The key to understanding sex differences here may be something that is already being investigated by researchers who study female sexual desire—women can experience physiological responses, such as the vasocongestive changes induced by Viagra, without an increase in subjective excitement.  One possible reason, sex researcher Meredith Chivers suggests, is rooted in anatomy—the penis is external, and thus men may more readily perceive physiological responses and interpret these responses as signaling the presence of desire; women may experience a disconnect from bodily states for cultural reasons as well.  This doesn’t mean that women are harder to arouse, however, as they respond bodily to a much wider range of stimuli than men do.  But it does suggest that women’s physiological arousal—and the bodily changes that accompany it—may have little to do with women’s subjective feelings of desire.       
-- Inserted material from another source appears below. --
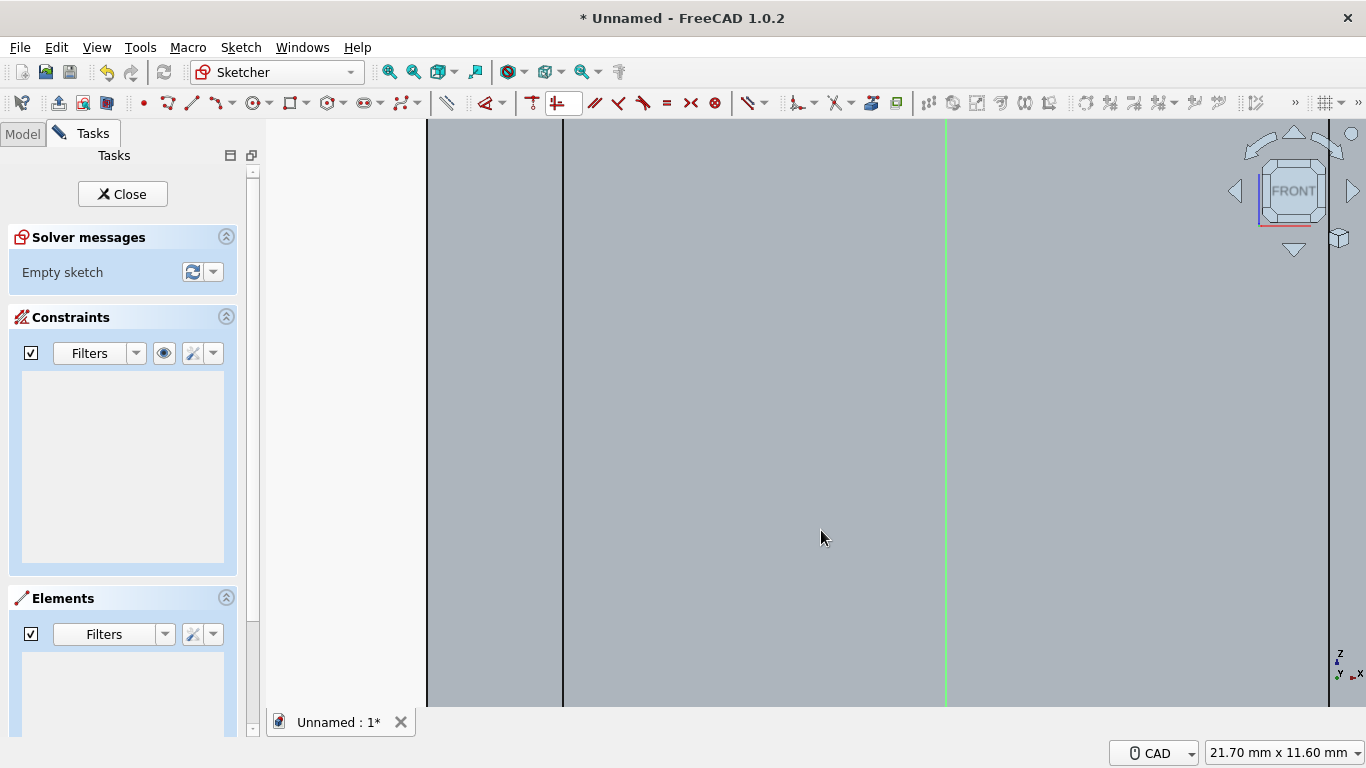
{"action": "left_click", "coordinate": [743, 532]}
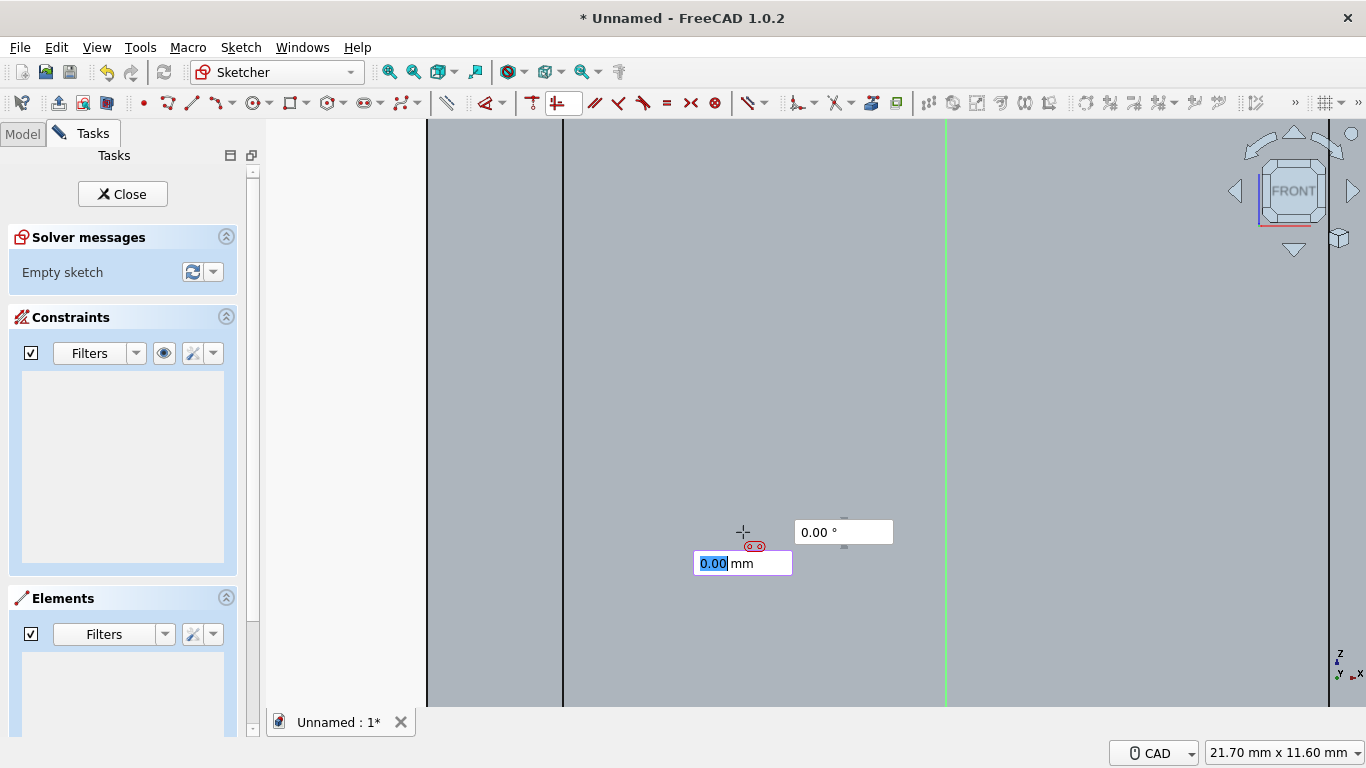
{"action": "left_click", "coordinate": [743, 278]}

Though it is often too simplistic to categorize sexual issues as physical/medical versus psychological/emotional, there is some evidence that at least attempting to do so can help individual women decide whether experimenting with Viagra might be beneficial.  Women taking antidepressants, for example, often experience side effects such as a difficulty reaching orgasm that makes them good candidates for Sildenafil.  Some research suggests that Sildenafil might also be useful for menstrual cramps due to its ability to increase blood flow.  

For women whose primary complaint is low sexual desire, however—which some experts suggest impacts almost 50% of the female population—better possibilities might be testosterone patches, combination drugs (oral estrogen and testosterone), herbal remedies, or even Wellbutrin, though none of these may work if there are more underlying psychological or emotional aspects to the problem than physical ones.  

What about Addyi? 

Flibanserin, otherwise known as Addyi, was promoted as the “female Viagra”—but so far has fallen short.  Addyi works on serotonin and dopamine receptors in the brain rather than through increasing blood flow, and has shown some success in raising women’s libidos.  

But not by much.  In fact, one study found that women taking Addyi experience “one-half of an additional sexually satisfying encounter per month” more than those who did not.[5]   Addyi can also have unfortunate side effects like dizziness or fainting.  When taking Addyi, women are told to stay away from alcohol completely.  It makes one wonder if forgoing a glass or two of wine on “date night” could have an impact on the missing “one-half of an additional sexually satisfying encounter per month.”  

If nothing else, the intensity of the media conversation sparked by the search for a miracle “cure” should assure women that they are not alone if they experience flagging desire in a long-term relationship or over their life course—perhaps even being able to talk more openly about the complexities of desire, and of women’s relationships to their bodies and partners, can lead to positive outcomes.


[1] Chivers, M. & Rosen, Raymond.  (2009).  Phosphodiesterase Type 5 Inhibitors and Female Sexual Response:  Faulty Protocols or Paradigms?  Journal of Sexual Medicine.  7(2):  858-872. 
[2] http://health.discovery.com/centers/womens/viagra/viagra.html
[3] Kuczynski, Alex.  “Curious women are seeing if Viagra works wonders for them.”  The New York Times, May 17, 1998. 
[4] Bergner, D.  “What do women want?”  The New York Times, January 22, 2009.